Bogdanich was the interview subject on the NPR show Fresh Air. He talked with host Terry Gross about his investigative series “The Radiation Boom,” which was a Pulitzer Prize finalist this year. (It didn’t win, but Bogdanich already has two other Pulitzer Prizes and a share of a third, so perhaps he wasn’t too disappointed.)

In Times stories (not all of them part of the “Radiation Boom” series) that go back to June 2009, Bogdanich has reported on a variety of issues dealing with medical radiation. The first story focused on a doctor at a veterans’ hospital in Philadelphia who, while implanting radioactive seeds intended to treat prostate cancer, routinely missed the prostate. Overall, Bogdanich reported, the hospital’s cancer unit botched 92 of 116 cancer treatments over a two-year period.

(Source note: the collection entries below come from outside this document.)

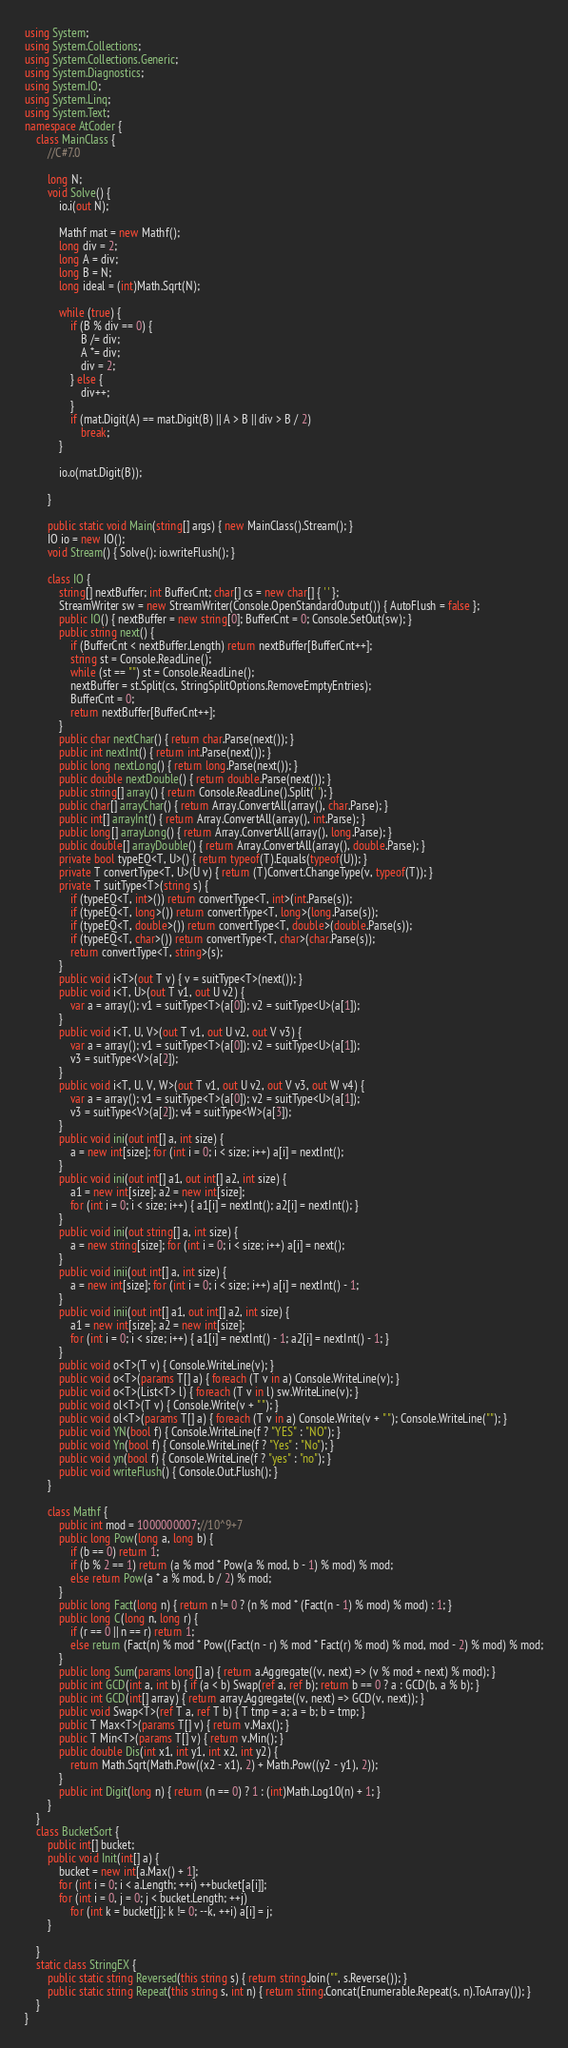Convert code to text. <code><loc_0><loc_0><loc_500><loc_500><_C#_>using System;
using System.Collections;
using System.Collections.Generic;
using System.Diagnostics;
using System.IO;
using System.Linq;
using System.Text;
namespace AtCoder {
    class MainClass {
        //C#7.0

        long N;
        void Solve() {
            io.i(out N);

            Mathf mat = new Mathf();
            long div = 2;
            long A = div;
            long B = N;
            long ideal = (int)Math.Sqrt(N);

            while (true) {
                if (B % div == 0) {
                    B /= div;
                    A *= div;
                    div = 2;
                } else {
                    div++;
                }
                if (mat.Digit(A) == mat.Digit(B) || A > B || div > B / 2)
                    break;
            }

            io.o(mat.Digit(B));

        }

        public static void Main(string[] args) { new MainClass().Stream(); }
        IO io = new IO();
        void Stream() { Solve(); io.writeFlush(); }

        class IO {
            string[] nextBuffer; int BufferCnt; char[] cs = new char[] { ' ' };
            StreamWriter sw = new StreamWriter(Console.OpenStandardOutput()) { AutoFlush = false };
            public IO() { nextBuffer = new string[0]; BufferCnt = 0; Console.SetOut(sw); }
            public string next() {
                if (BufferCnt < nextBuffer.Length) return nextBuffer[BufferCnt++];
                string st = Console.ReadLine();
                while (st == "") st = Console.ReadLine();
                nextBuffer = st.Split(cs, StringSplitOptions.RemoveEmptyEntries);
                BufferCnt = 0;
                return nextBuffer[BufferCnt++];
            }
            public char nextChar() { return char.Parse(next()); }
            public int nextInt() { return int.Parse(next()); }
            public long nextLong() { return long.Parse(next()); }
            public double nextDouble() { return double.Parse(next()); }
            public string[] array() { return Console.ReadLine().Split(' '); }
            public char[] arrayChar() { return Array.ConvertAll(array(), char.Parse); }
            public int[] arrayInt() { return Array.ConvertAll(array(), int.Parse); }
            public long[] arrayLong() { return Array.ConvertAll(array(), long.Parse); }
            public double[] arrayDouble() { return Array.ConvertAll(array(), double.Parse); }
            private bool typeEQ<T, U>() { return typeof(T).Equals(typeof(U)); }
            private T convertType<T, U>(U v) { return (T)Convert.ChangeType(v, typeof(T)); }
            private T suitType<T>(string s) {
                if (typeEQ<T, int>()) return convertType<T, int>(int.Parse(s));
                if (typeEQ<T, long>()) return convertType<T, long>(long.Parse(s));
                if (typeEQ<T, double>()) return convertType<T, double>(double.Parse(s));
                if (typeEQ<T, char>()) return convertType<T, char>(char.Parse(s));
                return convertType<T, string>(s);
            }
            public void i<T>(out T v) { v = suitType<T>(next()); }
            public void i<T, U>(out T v1, out U v2) {
                var a = array(); v1 = suitType<T>(a[0]); v2 = suitType<U>(a[1]);
            }
            public void i<T, U, V>(out T v1, out U v2, out V v3) {
                var a = array(); v1 = suitType<T>(a[0]); v2 = suitType<U>(a[1]);
                v3 = suitType<V>(a[2]);
            }
            public void i<T, U, V, W>(out T v1, out U v2, out V v3, out W v4) {
                var a = array(); v1 = suitType<T>(a[0]); v2 = suitType<U>(a[1]);
                v3 = suitType<V>(a[2]); v4 = suitType<W>(a[3]);
            }
            public void ini(out int[] a, int size) {
                a = new int[size]; for (int i = 0; i < size; i++) a[i] = nextInt();
            }
            public void ini(out int[] a1, out int[] a2, int size) {
                a1 = new int[size]; a2 = new int[size];
                for (int i = 0; i < size; i++) { a1[i] = nextInt(); a2[i] = nextInt(); }
            }
            public void ini(out string[] a, int size) {
                a = new string[size]; for (int i = 0; i < size; i++) a[i] = next();
            }
            public void inii(out int[] a, int size) {
                a = new int[size]; for (int i = 0; i < size; i++) a[i] = nextInt() - 1;
            }
            public void inii(out int[] a1, out int[] a2, int size) {
                a1 = new int[size]; a2 = new int[size];
                for (int i = 0; i < size; i++) { a1[i] = nextInt() - 1; a2[i] = nextInt() - 1; }
            }
            public void o<T>(T v) { Console.WriteLine(v); }
            public void o<T>(params T[] a) { foreach (T v in a) Console.WriteLine(v); }
            public void o<T>(List<T> l) { foreach (T v in l) sw.WriteLine(v); }
            public void ol<T>(T v) { Console.Write(v + " "); }
            public void ol<T>(params T[] a) { foreach (T v in a) Console.Write(v + " "); Console.WriteLine(""); }
            public void YN(bool f) { Console.WriteLine(f ? "YES" : "NO"); }
            public void Yn(bool f) { Console.WriteLine(f ? "Yes" : "No"); }
            public void yn(bool f) { Console.WriteLine(f ? "yes" : "no"); }
            public void writeFlush() { Console.Out.Flush(); }
        }

        class Mathf {
            public int mod = 1000000007;//10^9+7
            public long Pow(long a, long b) {
                if (b == 0) return 1;
                if (b % 2 == 1) return (a % mod * Pow(a % mod, b - 1) % mod) % mod;
                else return Pow(a * a % mod, b / 2) % mod;
            }
            public long Fact(long n) { return n != 0 ? (n % mod * (Fact(n - 1) % mod) % mod) : 1; }
            public long C(long n, long r) {
                if (r == 0 || n == r) return 1;
                else return (Fact(n) % mod * Pow((Fact(n - r) % mod * Fact(r) % mod) % mod, mod - 2) % mod) % mod;
            }
            public long Sum(params long[] a) { return a.Aggregate((v, next) => (v % mod + next) % mod); }
            public int GCD(int a, int b) { if (a < b) Swap(ref a, ref b); return b == 0 ? a : GCD(b, a % b); }
            public int GCD(int[] array) { return array.Aggregate((v, next) => GCD(v, next)); }
            public void Swap<T>(ref T a, ref T b) { T tmp = a; a = b; b = tmp; }
            public T Max<T>(params T[] v) { return v.Max(); }
            public T Min<T>(params T[] v) { return v.Min(); }
            public double Dis(int x1, int y1, int x2, int y2) {
                return Math.Sqrt(Math.Pow((x2 - x1), 2) + Math.Pow((y2 - y1), 2));
            }
            public int Digit(long n) { return (n == 0) ? 1 : (int)Math.Log10(n) + 1; }
        }
    }
    class BucketSort {
        public int[] bucket;
        public void Init(int[] a) {
            bucket = new int[a.Max() + 1];
            for (int i = 0; i < a.Length; ++i) ++bucket[a[i]];
            for (int i = 0, j = 0; j < bucket.Length; ++j)
                for (int k = bucket[j]; k != 0; --k, ++i) a[i] = j;
        }

    }
    static class StringEX {
        public static string Reversed(this string s) { return string.Join("", s.Reverse()); }
        public static string Repeat(this string s, int n) { return string.Concat(Enumerable.Repeat(s, n).ToArray()); }
    }
}</code> 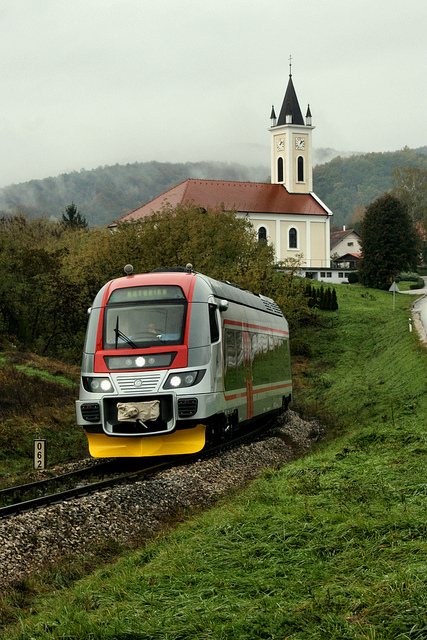Please transcribe the text in this image. 062

He has also reported on major radiation overdoses for suspected stroke patients during CT scans, high radiation doses from cone-beam CT scans performed on children in dental offices, serious injuries caused by poor calibration or radiation leakage during stereotactic radiosurgery, unnecessary and unshielded full-body X-rays of premature babies—and, over and over, poor training and lax to nonexistent regulatory supervision and reporting requirements.

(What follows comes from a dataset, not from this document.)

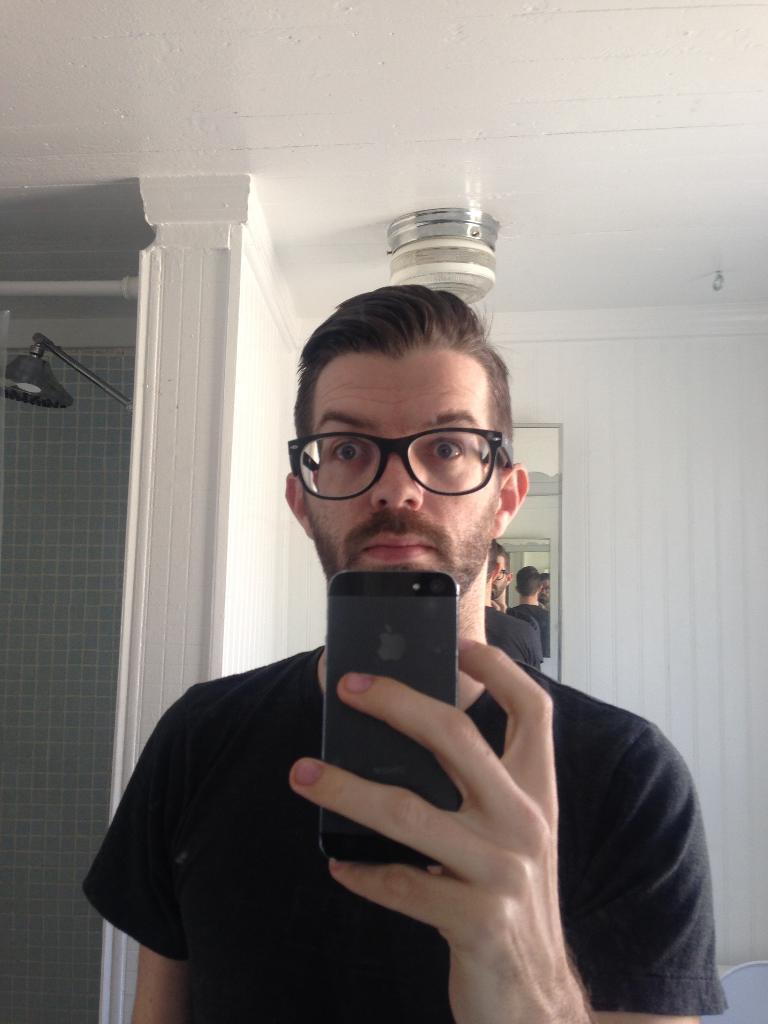Describe this image in one or two sentences. In this image i can see a man standing and holding a mobile, at the back ground i can see a shower, a mirror attached to a wall.

During the Fresh Air interview, he said:

Hospitals want more patients, and as soon as a new gee-whiz medical device comes out that is some lifesaving device, every hospital wants to get them as quickly as possible, and sometimes they move too quickly. They buy them, they install them, they don’t spend the kind of money necessary to train the staff and to develop the kind of protocols necessary to ensure that mistakes … are minimized.

Regulations, licensing requirements, dosage-reporting guidelines, training procedures, and rules for reporting medical errors vary from state to state, he said. Some states don’t require any licensing or training at all for technicians operating complex and potentially dangerous machines.

Speaking of the “Radiation Boom” series, Bogdanich said:

I think we made it clear that these are wonderful devices that save countless lives, and people need to get it when they need them, but they need to ask questions. People were not asking questions, and, frankly, doctors who were treating the patients were not giving the patients the information they needed.

Bogdanich argued on behalf of the Consistency, Accuracy, Responsibility and Excellence in Medical Imaging and Radiation Therapy (CARE) bill, which the American Society of Radiologic Technologists has been pushing in Congress since 1999. The bill would establish minimum federal standards for technicians who perform medical imaging and deliver radiation therapy.

The reporter said he knew of no organized opposition to the bill or other major reason why it hasn’t passed. Congress, he said, just seems to have other priorities.